Die Streiks der Hafenarbeiter in Tunis und in Bizerte im August 1924 lösten eine Umstrukturierung der tunesischen Gewerkschaftslandschaft aus. Auch für das politische Engagement Mohamed Alis waren diese Ereignisse entscheidend. Die tunesischen Beschäftigten forderten den gleichen Lohn wie ihre französischen Kollegen. Mohamed Ali und sein Umfeld unterstützten die Streiks und organisierten kleine, von der französischen Gewerkschaft unabhängige Ausschüsse. Zunehmend nahm sich die Genossenschaft der spezifischen Interessen von tunesischen Beschäftigen an, sodass am 03. Dezember 1924 die „Confédération Générale Tunisienne des Travailleurs” als erste tunesische Gewerkschaft gegründet wurde. Mohamed Ali wurde als Generalsekretär der Gewerkschaft designiert. Die Gewerkschaft lehnte die Idee einer kommunistischen Revolution ab, stattdessen legte sie ihren Fokus auf die Umsetzung tiefgreifender Sozialreformen. Jedoch wurde die „Confédération Générale Tunisienne des Travailleurs“ schnell seitens des französischen Protektorats unterdrückt und deren Hauptverantwortliche, darunter auch Mohamed Ali, am 05. Februar 1925 verhaftet. Im November 1925 wurde er zu zehn Jahren Exil verurteilt, wobei sein Aufenthalt in Berlin auch in die Urteilsfällung mit einfloss. Inzwischen wurde die neu gegründete Gewerkschaft aufgelöst. Mohamed Ali verbrachte sein Exil zunächst in Alexandria in Ägypten, wo seine Spuren im Sande verlaufen. Historiker:innen gehen davon aus, dass Mohamed Ali im Mai 1928 starb.

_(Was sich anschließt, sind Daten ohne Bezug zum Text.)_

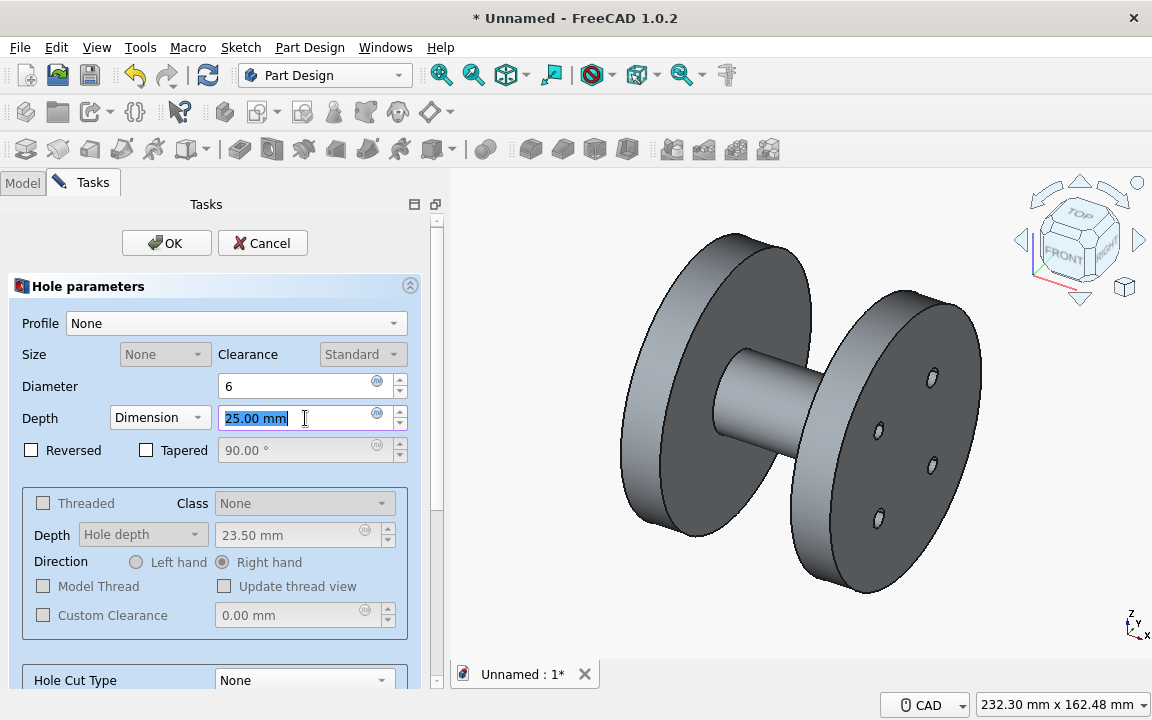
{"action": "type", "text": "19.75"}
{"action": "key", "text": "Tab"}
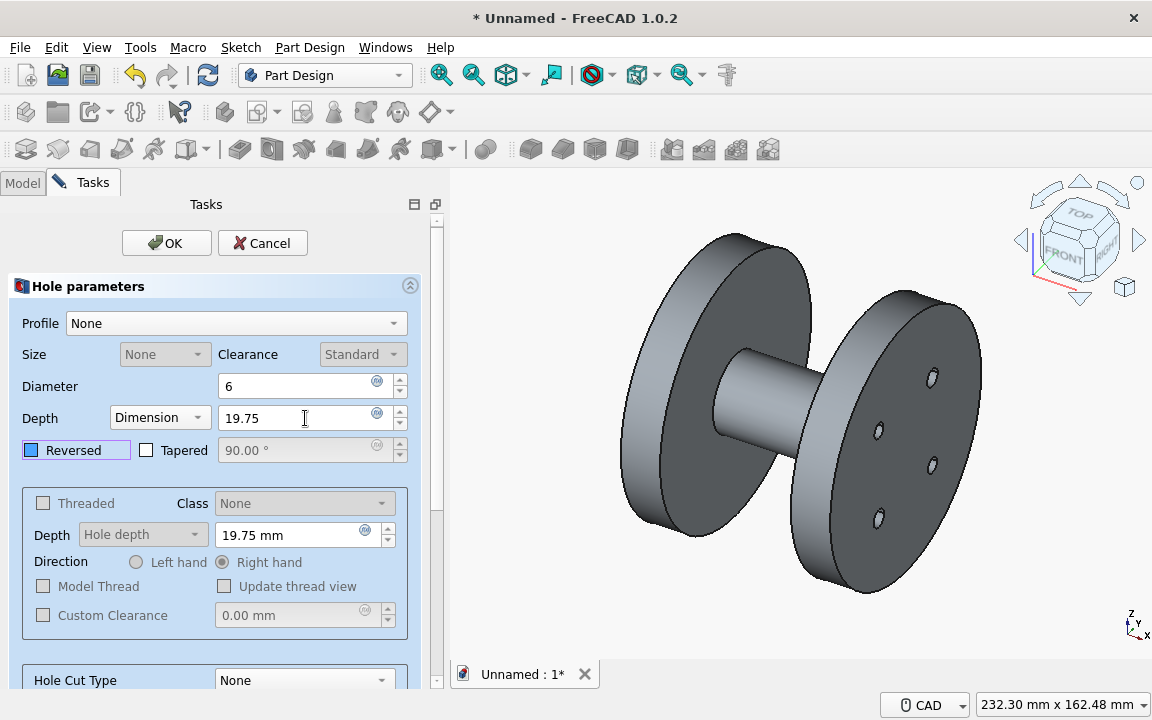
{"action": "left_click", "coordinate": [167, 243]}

Nach dem Zweiten Weltkrieg wurde in Tunesien erneut der Versuch unternommen, einen Gewerkschaftsdachverband zu gründen. Diesmal sollte der Versuch gelingen. 1946 wurde die „Union Générale Tunisienne du Travail” gegründet und Farhat Hached zum ersten Generalsekretär gewählt. Letzterer hat sich während seiner Amtszeit von den von Mohamed Ali propagierten Sozialpolitiken inspirieren lassen und diese in die Leitlinien der neu gegründeten Gewerkschaft integriert. Auch noch 100 Jahre nach dem Wirken Mohamed Alis ist er Namensgeber für Straßen und soziale Projekte. Seine politischen Initiativen und Ideen haben den Grundpfeiler für die „Union Générale Tunisienne du Travail” gelegt, welche in Tunesien zu den stärksten zivilgesellschaftlichen Akteur:innen gehört.